- _SOURCE DATA_:
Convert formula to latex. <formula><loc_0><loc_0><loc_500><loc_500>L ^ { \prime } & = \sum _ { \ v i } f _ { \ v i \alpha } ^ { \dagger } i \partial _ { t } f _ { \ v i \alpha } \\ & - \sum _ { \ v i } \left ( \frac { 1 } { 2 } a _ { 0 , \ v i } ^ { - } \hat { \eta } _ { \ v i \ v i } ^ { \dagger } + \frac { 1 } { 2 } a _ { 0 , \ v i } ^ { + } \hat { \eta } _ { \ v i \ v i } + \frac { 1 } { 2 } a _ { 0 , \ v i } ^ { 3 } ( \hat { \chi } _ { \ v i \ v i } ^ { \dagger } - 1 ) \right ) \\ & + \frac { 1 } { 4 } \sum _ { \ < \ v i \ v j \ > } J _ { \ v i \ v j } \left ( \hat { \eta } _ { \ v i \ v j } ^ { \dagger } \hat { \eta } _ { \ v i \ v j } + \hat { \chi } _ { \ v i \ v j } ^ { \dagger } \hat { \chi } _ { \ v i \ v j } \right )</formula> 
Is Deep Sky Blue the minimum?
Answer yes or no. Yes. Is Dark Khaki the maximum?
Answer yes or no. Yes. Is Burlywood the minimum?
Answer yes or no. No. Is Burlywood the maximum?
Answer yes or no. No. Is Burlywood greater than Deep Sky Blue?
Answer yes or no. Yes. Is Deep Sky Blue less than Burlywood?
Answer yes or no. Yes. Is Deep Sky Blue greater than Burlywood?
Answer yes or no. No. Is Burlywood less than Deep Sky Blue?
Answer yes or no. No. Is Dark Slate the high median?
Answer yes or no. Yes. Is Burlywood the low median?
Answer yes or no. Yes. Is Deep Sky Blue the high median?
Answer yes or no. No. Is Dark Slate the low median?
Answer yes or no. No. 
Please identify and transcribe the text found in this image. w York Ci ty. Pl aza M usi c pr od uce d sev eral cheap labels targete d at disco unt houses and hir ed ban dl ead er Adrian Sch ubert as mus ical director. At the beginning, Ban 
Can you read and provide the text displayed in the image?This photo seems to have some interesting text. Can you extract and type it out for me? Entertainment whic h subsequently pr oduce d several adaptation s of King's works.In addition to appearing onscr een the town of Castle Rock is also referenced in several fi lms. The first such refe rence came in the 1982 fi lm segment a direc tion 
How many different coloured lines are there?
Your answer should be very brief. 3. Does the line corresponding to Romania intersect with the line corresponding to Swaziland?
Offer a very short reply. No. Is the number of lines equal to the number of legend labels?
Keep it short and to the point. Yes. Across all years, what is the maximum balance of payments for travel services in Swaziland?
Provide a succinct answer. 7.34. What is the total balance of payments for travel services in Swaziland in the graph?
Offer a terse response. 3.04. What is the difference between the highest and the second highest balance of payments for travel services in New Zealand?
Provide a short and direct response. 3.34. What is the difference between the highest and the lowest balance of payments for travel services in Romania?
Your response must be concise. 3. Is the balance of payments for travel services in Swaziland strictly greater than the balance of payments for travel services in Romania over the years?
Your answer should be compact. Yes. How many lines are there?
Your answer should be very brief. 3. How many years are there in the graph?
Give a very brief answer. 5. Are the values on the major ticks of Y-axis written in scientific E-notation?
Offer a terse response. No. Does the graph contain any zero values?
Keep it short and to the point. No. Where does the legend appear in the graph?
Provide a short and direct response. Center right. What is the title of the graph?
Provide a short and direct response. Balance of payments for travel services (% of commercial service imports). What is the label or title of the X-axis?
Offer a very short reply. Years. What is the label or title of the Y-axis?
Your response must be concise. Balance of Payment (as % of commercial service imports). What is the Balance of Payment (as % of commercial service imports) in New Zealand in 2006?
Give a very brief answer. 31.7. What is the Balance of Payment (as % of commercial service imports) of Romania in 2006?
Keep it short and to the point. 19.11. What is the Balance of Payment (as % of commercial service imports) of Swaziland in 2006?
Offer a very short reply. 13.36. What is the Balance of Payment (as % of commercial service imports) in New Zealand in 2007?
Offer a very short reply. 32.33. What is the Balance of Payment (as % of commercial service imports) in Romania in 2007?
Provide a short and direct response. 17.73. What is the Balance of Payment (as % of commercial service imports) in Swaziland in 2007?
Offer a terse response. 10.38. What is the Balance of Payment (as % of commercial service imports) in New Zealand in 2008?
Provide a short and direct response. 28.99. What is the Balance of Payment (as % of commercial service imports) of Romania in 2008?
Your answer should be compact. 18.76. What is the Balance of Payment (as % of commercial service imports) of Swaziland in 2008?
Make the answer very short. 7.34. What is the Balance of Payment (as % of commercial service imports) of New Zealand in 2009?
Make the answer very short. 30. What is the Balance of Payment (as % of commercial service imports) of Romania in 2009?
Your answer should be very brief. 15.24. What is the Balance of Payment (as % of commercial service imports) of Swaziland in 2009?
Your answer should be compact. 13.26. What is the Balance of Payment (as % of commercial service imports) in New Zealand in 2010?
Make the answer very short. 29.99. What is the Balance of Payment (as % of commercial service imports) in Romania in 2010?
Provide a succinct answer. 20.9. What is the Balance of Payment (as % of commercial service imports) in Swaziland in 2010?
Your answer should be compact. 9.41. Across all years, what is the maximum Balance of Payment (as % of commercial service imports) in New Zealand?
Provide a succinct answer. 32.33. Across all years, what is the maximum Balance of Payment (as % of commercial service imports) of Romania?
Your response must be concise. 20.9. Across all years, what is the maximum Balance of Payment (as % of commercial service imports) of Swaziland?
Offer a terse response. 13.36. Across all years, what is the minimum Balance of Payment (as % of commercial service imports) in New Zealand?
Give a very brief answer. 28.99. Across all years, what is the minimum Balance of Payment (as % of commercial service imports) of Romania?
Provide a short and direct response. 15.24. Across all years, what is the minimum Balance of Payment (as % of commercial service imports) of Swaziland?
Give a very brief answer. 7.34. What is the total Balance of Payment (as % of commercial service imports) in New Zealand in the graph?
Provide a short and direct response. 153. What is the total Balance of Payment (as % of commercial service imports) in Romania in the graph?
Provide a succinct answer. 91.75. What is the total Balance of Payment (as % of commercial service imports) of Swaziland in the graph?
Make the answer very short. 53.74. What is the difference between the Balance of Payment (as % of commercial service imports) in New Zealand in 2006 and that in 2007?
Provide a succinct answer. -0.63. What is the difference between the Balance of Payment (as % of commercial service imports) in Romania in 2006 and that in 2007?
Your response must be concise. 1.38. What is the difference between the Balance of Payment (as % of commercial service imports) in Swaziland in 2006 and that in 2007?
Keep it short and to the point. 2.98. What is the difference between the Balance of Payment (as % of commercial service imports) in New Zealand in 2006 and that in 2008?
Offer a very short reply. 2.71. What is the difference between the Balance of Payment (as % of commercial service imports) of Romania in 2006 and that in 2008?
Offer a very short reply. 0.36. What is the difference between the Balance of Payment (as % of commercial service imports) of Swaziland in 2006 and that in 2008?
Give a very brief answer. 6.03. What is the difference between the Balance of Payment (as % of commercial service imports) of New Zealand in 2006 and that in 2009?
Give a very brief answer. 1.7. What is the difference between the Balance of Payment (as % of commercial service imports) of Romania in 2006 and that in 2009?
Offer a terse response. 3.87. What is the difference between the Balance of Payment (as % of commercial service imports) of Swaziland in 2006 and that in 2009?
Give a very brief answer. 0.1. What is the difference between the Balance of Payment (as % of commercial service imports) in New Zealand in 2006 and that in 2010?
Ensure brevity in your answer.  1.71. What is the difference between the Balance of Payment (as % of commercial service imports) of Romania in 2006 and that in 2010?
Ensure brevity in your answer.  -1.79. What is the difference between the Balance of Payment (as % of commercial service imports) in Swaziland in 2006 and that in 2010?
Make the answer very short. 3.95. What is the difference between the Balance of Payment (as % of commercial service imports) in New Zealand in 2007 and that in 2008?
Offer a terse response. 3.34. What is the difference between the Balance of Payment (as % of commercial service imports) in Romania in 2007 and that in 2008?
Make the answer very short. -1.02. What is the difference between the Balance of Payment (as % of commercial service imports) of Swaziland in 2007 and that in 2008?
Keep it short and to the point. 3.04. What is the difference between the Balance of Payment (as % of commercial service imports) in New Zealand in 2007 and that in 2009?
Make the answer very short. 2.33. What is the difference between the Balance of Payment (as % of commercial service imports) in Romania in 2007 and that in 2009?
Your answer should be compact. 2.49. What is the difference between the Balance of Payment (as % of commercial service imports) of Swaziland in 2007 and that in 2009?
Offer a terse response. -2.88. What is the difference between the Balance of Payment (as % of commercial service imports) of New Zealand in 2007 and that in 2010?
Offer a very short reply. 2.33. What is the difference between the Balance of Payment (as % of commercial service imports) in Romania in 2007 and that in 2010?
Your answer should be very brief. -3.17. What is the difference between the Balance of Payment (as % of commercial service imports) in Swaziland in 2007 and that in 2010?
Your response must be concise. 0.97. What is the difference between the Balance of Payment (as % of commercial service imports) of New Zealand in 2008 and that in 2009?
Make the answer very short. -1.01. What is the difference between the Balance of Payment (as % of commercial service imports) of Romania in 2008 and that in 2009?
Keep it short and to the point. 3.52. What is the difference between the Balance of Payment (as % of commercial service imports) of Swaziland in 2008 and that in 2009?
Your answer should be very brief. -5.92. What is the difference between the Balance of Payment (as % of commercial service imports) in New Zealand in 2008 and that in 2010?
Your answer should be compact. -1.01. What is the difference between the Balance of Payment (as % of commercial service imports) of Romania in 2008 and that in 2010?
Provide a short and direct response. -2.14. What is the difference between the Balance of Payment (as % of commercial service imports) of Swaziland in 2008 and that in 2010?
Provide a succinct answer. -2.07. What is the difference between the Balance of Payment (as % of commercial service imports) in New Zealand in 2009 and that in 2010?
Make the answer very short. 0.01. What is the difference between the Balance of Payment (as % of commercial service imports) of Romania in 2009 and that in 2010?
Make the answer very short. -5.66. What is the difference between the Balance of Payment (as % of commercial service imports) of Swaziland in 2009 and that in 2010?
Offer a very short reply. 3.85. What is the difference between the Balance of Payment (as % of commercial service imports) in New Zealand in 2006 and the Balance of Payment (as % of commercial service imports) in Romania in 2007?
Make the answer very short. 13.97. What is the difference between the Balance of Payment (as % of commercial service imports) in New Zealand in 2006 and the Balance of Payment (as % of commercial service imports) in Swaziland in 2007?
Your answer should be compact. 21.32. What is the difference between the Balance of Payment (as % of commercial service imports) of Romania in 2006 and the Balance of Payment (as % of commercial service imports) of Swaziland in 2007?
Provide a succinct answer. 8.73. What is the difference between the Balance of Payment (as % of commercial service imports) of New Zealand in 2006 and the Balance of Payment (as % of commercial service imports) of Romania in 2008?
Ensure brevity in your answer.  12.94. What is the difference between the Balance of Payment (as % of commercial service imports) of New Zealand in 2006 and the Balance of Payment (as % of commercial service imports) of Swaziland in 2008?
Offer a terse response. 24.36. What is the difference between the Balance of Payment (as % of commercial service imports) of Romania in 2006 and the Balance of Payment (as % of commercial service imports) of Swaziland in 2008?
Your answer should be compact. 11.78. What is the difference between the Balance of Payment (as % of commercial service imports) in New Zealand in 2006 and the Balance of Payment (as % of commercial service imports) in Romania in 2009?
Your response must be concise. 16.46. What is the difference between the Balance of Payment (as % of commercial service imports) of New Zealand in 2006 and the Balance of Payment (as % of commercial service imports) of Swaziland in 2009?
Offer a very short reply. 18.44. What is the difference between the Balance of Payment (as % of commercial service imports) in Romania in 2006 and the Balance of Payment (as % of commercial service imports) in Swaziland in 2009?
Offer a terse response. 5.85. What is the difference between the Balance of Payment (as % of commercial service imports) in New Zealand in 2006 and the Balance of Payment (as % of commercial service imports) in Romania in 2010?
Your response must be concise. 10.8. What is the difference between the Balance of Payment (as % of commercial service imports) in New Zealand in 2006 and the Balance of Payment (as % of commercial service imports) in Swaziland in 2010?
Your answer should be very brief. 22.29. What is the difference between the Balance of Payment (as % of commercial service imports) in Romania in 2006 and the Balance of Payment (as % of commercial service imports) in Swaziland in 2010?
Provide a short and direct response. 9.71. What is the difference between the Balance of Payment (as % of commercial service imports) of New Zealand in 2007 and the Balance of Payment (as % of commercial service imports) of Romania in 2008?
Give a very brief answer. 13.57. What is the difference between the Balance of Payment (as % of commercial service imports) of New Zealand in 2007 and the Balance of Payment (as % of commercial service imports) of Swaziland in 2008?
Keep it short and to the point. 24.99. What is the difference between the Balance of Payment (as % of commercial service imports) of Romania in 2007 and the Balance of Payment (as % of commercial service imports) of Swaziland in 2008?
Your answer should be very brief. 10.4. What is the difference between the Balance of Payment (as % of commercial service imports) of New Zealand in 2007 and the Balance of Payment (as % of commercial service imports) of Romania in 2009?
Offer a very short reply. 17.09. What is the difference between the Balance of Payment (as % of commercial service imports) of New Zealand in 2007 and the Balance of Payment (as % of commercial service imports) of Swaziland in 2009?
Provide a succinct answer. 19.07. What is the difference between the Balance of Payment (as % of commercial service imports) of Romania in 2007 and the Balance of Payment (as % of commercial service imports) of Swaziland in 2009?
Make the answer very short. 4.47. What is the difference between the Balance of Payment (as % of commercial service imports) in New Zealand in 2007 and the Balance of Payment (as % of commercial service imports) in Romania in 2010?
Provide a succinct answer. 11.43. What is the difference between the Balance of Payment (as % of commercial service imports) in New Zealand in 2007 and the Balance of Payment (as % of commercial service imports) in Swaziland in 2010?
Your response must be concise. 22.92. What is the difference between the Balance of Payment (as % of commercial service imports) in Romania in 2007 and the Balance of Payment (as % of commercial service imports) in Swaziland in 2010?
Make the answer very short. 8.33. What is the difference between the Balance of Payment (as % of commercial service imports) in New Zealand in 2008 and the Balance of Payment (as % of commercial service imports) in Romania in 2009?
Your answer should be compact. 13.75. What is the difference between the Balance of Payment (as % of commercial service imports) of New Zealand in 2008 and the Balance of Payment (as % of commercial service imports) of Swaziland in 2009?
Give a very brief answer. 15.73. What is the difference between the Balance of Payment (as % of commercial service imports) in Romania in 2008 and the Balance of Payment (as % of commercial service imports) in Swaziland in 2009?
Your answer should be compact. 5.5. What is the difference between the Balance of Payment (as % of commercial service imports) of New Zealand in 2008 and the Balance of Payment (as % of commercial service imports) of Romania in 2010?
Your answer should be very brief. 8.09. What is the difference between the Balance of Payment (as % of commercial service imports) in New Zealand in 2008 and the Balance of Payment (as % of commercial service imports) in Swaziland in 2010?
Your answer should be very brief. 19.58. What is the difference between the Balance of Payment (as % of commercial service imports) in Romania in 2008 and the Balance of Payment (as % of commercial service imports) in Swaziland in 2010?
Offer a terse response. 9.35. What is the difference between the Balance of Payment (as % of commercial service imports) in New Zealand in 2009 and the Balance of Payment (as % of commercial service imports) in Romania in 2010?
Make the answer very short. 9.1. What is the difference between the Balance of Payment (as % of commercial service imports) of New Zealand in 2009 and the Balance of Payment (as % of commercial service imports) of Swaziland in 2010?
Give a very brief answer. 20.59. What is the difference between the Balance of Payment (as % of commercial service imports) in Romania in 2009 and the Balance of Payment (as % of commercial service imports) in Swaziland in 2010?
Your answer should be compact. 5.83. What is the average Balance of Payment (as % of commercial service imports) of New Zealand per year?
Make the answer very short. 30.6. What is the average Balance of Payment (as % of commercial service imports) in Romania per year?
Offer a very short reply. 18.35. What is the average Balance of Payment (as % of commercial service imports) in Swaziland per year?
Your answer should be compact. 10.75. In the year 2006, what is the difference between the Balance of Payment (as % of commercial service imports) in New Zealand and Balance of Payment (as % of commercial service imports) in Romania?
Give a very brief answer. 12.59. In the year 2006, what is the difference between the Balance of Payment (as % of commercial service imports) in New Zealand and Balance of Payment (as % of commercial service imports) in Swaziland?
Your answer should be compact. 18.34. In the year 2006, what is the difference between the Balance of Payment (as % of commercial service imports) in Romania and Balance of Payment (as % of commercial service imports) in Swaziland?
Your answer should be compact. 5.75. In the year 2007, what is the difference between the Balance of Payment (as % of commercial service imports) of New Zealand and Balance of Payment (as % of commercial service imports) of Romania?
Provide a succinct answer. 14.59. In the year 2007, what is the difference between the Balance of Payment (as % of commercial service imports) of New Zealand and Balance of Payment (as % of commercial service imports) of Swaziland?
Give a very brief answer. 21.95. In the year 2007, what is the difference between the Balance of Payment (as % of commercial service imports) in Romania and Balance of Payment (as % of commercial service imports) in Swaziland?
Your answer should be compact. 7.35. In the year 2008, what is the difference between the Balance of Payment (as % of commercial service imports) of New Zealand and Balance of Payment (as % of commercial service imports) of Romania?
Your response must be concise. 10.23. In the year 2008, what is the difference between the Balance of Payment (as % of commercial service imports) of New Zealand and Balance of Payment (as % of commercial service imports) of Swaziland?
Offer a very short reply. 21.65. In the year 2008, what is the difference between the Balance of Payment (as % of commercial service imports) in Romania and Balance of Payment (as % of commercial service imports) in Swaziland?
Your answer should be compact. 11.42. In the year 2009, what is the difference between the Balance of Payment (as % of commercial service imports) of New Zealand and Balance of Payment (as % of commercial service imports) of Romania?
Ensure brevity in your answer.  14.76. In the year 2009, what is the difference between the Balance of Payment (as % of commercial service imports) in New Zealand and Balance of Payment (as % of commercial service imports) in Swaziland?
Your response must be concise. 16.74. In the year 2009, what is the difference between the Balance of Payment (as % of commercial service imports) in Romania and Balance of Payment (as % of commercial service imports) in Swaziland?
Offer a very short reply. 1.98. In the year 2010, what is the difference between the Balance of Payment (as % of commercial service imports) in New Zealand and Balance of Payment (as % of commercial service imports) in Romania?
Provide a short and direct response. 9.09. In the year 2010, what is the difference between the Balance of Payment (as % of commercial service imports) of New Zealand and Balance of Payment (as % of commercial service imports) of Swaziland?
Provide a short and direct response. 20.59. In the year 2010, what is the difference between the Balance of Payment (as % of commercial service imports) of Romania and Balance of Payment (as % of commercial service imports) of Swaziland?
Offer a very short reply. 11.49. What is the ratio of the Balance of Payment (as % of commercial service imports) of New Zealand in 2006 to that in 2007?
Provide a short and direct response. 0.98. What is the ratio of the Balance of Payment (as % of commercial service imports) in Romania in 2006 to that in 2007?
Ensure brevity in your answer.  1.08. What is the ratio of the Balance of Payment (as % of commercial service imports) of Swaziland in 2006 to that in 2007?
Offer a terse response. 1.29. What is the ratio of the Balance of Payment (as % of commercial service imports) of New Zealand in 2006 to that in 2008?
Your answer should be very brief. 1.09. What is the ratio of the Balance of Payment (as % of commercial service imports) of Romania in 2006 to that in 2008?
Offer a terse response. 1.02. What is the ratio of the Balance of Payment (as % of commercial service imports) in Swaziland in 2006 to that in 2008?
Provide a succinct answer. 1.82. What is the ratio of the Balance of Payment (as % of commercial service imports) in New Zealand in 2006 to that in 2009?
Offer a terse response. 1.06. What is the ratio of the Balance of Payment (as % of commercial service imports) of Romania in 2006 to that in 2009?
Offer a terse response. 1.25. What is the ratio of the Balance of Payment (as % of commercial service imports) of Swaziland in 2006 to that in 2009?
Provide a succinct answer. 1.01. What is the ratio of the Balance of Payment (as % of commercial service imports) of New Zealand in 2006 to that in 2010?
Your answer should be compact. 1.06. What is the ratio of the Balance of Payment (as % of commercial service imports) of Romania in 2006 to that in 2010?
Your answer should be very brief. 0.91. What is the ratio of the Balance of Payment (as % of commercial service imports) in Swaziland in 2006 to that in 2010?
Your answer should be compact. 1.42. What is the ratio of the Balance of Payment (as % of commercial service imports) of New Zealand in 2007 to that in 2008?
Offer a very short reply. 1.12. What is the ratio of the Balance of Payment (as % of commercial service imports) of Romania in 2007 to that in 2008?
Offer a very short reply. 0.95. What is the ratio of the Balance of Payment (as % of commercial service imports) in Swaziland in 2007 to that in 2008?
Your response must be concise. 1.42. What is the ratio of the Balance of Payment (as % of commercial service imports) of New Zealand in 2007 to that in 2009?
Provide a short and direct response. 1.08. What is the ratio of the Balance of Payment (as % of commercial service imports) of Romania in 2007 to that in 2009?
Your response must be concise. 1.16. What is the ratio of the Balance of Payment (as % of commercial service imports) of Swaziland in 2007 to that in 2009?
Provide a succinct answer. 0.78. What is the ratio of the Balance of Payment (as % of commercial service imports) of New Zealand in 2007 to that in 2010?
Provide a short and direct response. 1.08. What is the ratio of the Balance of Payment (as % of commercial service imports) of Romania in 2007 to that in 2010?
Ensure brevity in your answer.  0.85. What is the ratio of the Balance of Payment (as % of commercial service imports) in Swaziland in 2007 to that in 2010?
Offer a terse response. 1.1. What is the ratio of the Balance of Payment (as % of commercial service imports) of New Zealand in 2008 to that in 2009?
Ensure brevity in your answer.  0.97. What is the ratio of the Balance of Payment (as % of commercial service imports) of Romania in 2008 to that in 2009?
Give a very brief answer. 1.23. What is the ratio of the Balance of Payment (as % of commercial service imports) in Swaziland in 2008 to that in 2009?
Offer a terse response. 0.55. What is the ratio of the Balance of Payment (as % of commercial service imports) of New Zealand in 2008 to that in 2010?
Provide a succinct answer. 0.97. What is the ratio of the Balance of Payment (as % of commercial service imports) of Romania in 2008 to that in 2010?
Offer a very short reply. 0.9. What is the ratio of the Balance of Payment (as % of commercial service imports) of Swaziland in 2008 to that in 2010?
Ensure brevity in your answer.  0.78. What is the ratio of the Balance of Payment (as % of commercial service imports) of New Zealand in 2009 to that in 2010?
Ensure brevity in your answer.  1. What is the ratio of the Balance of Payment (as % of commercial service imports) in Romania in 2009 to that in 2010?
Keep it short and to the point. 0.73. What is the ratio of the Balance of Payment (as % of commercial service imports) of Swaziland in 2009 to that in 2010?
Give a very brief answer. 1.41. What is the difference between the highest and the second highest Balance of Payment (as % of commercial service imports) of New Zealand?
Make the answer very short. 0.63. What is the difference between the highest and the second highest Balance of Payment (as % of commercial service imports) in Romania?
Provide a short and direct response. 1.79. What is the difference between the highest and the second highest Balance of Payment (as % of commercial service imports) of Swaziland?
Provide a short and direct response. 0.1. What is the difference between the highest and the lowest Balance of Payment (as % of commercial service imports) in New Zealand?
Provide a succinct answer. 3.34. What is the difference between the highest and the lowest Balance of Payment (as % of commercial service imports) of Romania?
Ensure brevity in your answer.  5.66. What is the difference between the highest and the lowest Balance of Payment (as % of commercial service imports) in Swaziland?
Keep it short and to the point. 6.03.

- _WHAT YOU HAVE TO DO_: Return each line of the material above in which the string "Blue" appears.

- _EXERCISE RESPONSE_:
Is Deep Sky Blue the minimum?
Answer yes or no. No. Is Burlywood greater than Deep Sky Blue?
Answer yes or no. Yes. Is Deep Sky Blue less than Burlywood?
Answer yes or no. Yes. Is Deep Sky Blue greater than Burlywood?
Answer yes or no. No. Is Burlywood less than Deep Sky Blue?
Answer yes or no. Yes. Is Deep Sky Blue the high median?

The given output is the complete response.